Em um condomínio no interior de São Paulo, os arquitetos da Urbem definem sucessões de planos que se intercalam para conter e proteger uma casa mirante.
O condomínio residencial Monte Alegre, em Piracicaba, fica próximo a uma área tombada da cidade chamada Usina Monte Alegre. De um de seus lotes é possível avistar as chaminés da usina, a capela São Pedro, com obras de Alfredo Volpi, e uma área de preservação permanente. O proprietário desse terreno de 1739,09 m2, fruto da união de três lotes, pediu a Urbem Arquitetura uma casa mirante, onde a partir de todos os espaços pudesse desfrutar da vista permanente. Para atender a essa solicitação, os arquitetos direcionaram a casa para face norte, pois a melhor vista todos os ambientes voltam-se exatamente para a face de maior insolação. Essa implantação exigiu matérias primas de baixa condução térmica e dispositivos de proteção solar que garantissem o conforto térmico necessário.
Para garantir face norte aos ambientes, e liberar uma terça parte do terreno para eventual comercialização, o projeto definiu dois blocos ortogonais que se cruzam, formando térreo e primeiro andar. O programa segue a lógica de um sobrado: áreas sociais como cozinha, lazer, estar, jantar e escritório organizam-se no térreo enquanto que três suítes e sala intima distribuem-se no andar superior. No ponto do cruzamento foi definida a circulação vertical e a entrada da casa, protegida por um painel curvo de madeira. Essa dinâmica criou coberturas para os ambientes sociais e tetos verdes que absorvem a luz solar e servem aos espaços íntimos: um desses terraços é um verdadeiro mirante, circundado por bancos de concreto e acessado a partir da sala superior. Encaixado nesse volume a cobertura da área gourmet, posicionada logo a frente dos caixilhos da suíte máster, sustenta espécies vegetais que florescem. “Essa laje propicia a criação de um jardim de flores, que da suíte do casal, mistura-se com o verde da paisagem.”, explica o arquiteto Marcelo Guidotti, da Urbem.
A implantação também condicionou a distribuição das suítes ao longo do volume superior e criou gradientes de proteção solar nos ambientes sociais do térreo. As áreas de estar e jantar são contida entre grandes portas de vidro em ambos os lados que permitem ventilação cruzada. Como a sala é estrategicamente recuada em relação ao terraço, além do vidro, toldos protegem a varanda e barram ainda mais a entrada de luz solar. No andar superior, grandes portas pantográficas feitas de chapa de alumínio micro perfurado protegem as portas envidraçadas, permitem ventilação , a visão e barram a luz e o calor: quando abertas suas abas também funcionam como brises. Na porção mais crítica do volume superior, a face da suíte máster voltada para a face oeste, os arquitetos optaram por um revestimento formado por placas de gesso acartonado, painel de câmara frigorífica e chapa de alumínio composto. “Esse conjunto é ultra eficiente contra o calor da forte incidência solar.”, explica Marcelo. A solução de cobertura do volume superior completa o sistema de proteção solar e reforça o partido industrial: telhas tipo sanduiche zipadas abrigam domos de iluminação posicionados sobre os banheiros das suítes.

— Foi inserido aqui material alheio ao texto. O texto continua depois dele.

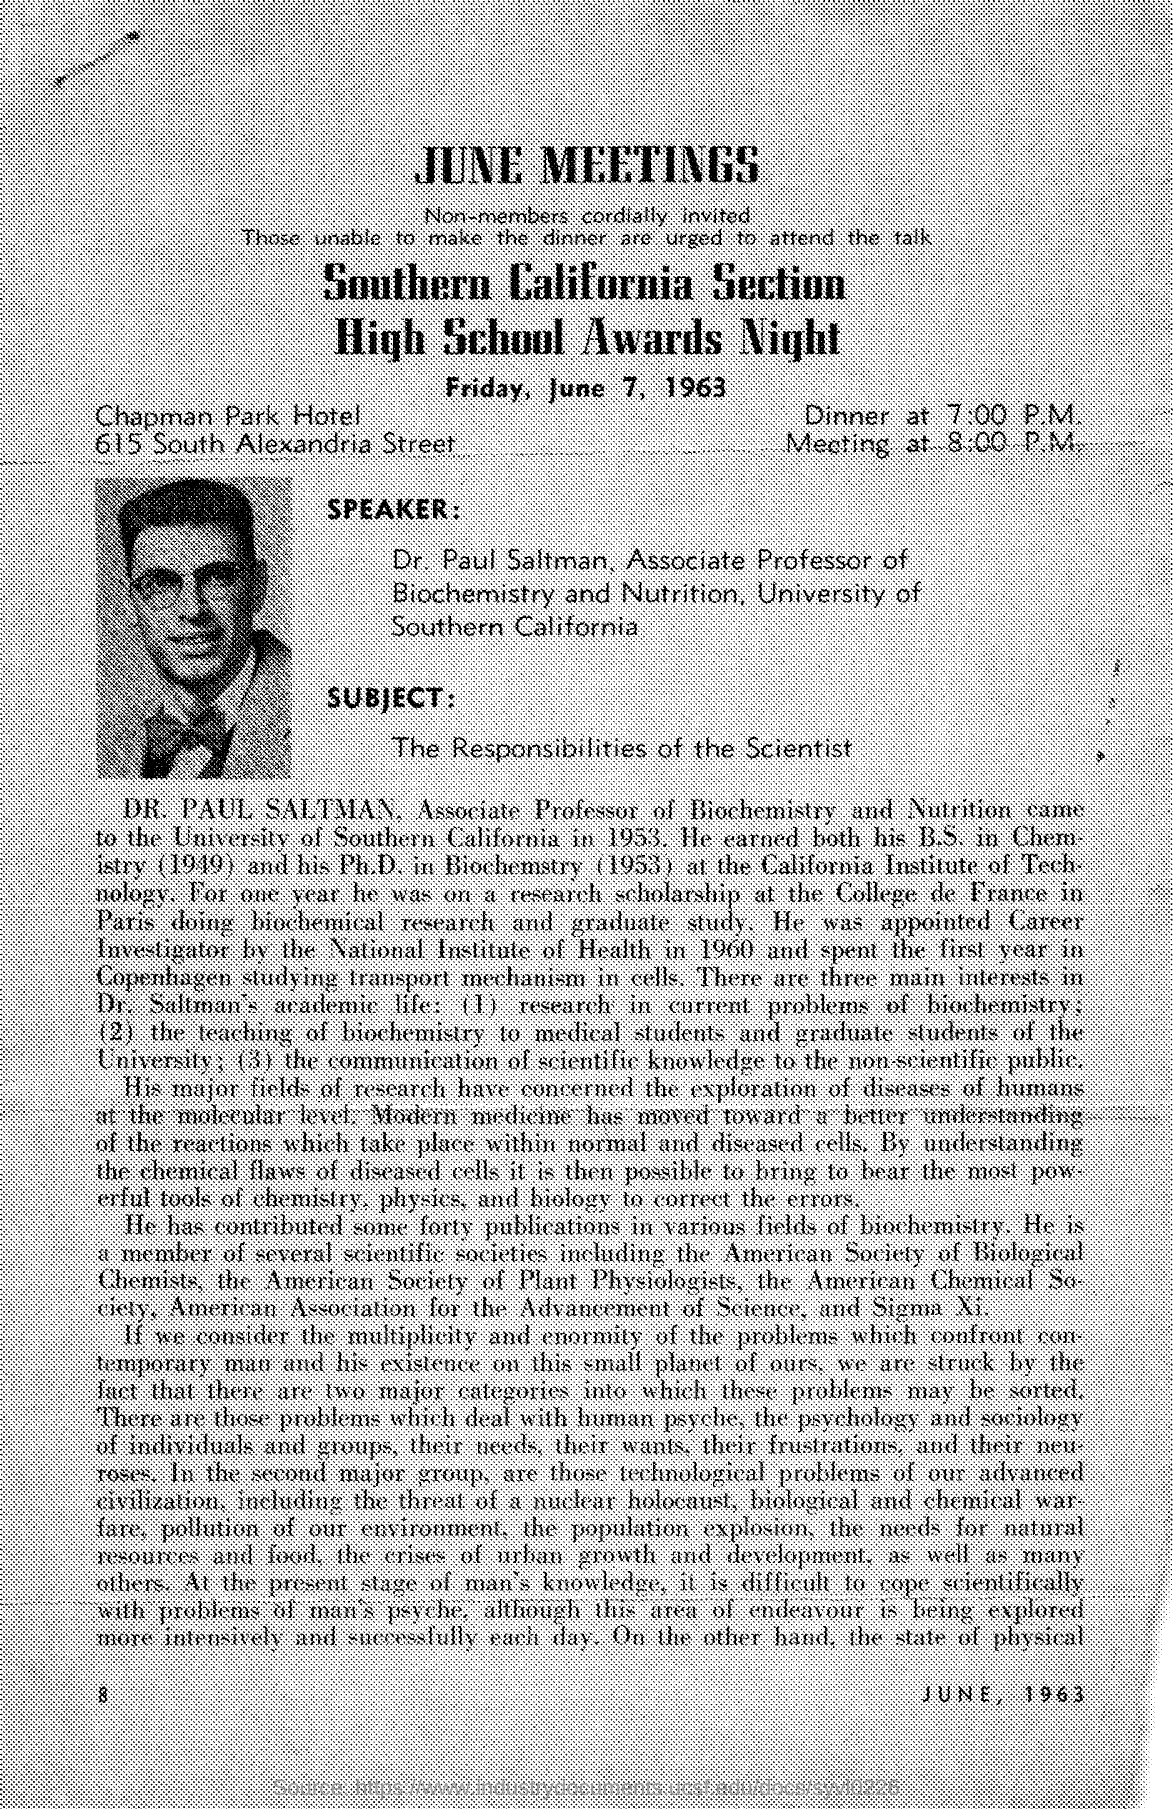Identify some key points in this picture. It is clear that Dr. Paul Saltman is a member of the University of Southern California. The date scheduled for the high school awards is Friday, June 7, 1963. The speaker mentioned in the given page is Dr. Paul Saltman. The name of the hotel mentioned in the given page is "Chapman Park Hotel. The time of dinner mentioned in the given form is 7:00 P.M.

A arquitetura da casa conceitua-se de forma contemporâneo quase industrial, a exemplo da Usina que contempla. A maior parte das lajes é pré fabricada, revestida de gesso, exceção às lajes maciças de concreto sobre a área gourmet e escritório, mantidas aparentes. Vigas metálicas parafusadas a paredes de concreto, e tirantes, todos aparentes, auxiliam a sustentar a implantação em cruz. A suíte do casal flutua sobre a garagem, em balanço, atirantada por perfis tubulares metálicos que também permitem o grande vão livre da sala social. As esbeltas vigas pintadas de verde acentuam a horizontalidade da obra, e projetam-se sobre a área social, formando uma faixa de iluminação zenital. As tubulações de água de chuva e esgoto também correm aparentes pelas fachadas.

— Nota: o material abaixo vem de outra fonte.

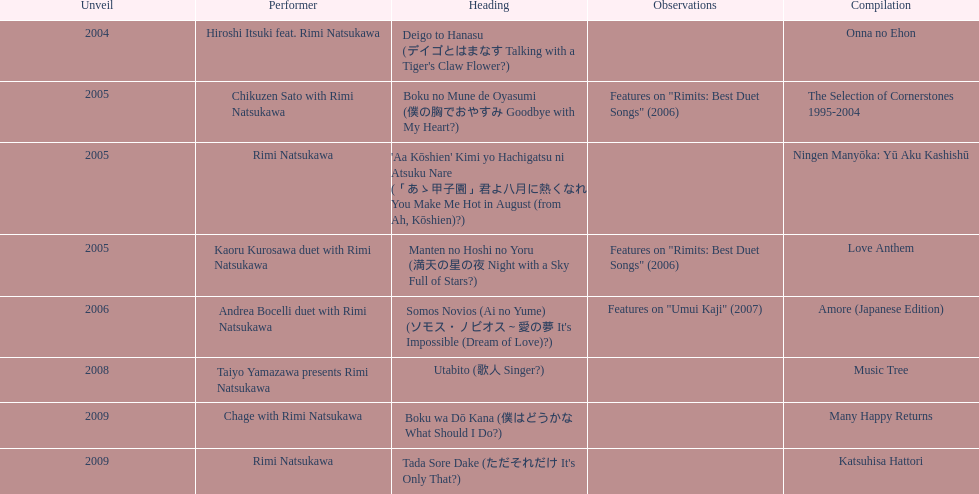What is the last title released? 2009.

Os grandes panos verticais de concreto atravessam os volumes, com marcações e furações aparentes: o detalhe fica por conta da resina acrílica que preenche os furos e reflete a luz. Aliás, apesar da robustez dos paramentos, a casa revela-se no apuro dos detalhes de projeto. A viga I de sustentação da escada embute entre cada piso uma luminária. O mármore travertino que recobre o piso de todo o térreo foi paginado seguindo as marcações do concreto das paredes, assim como o alumínio composto que reveste a parede da suíte master. No andar superior, o forro de gesso é sulcado de maneira a revelar as mesas das vigas metálicas em composição com a madeira do assoalho que sobe pela parede do bloco formado pelas duas suítes menores. As portas brancas tem batentes de madeira piso teto, que formam bandeiras.